━━━━━ RECORDS TO USE ━━━━━

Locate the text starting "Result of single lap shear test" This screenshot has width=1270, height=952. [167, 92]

━━━━━
━━━━━ RECORDS TO USE ━━━━━

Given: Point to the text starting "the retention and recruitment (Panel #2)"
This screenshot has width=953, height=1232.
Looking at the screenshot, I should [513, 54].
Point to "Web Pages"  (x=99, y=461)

━━━━━

§ WHAT IS NEEDED
Copy every line from the records above that contains the string "text".

§ REPLY
Locate the text starting "Result of single lap shear test" This screenshot has width=1270, height=952. [167, 92]
Given: Point to the text starting "the retention and recruitment (Panel #2)"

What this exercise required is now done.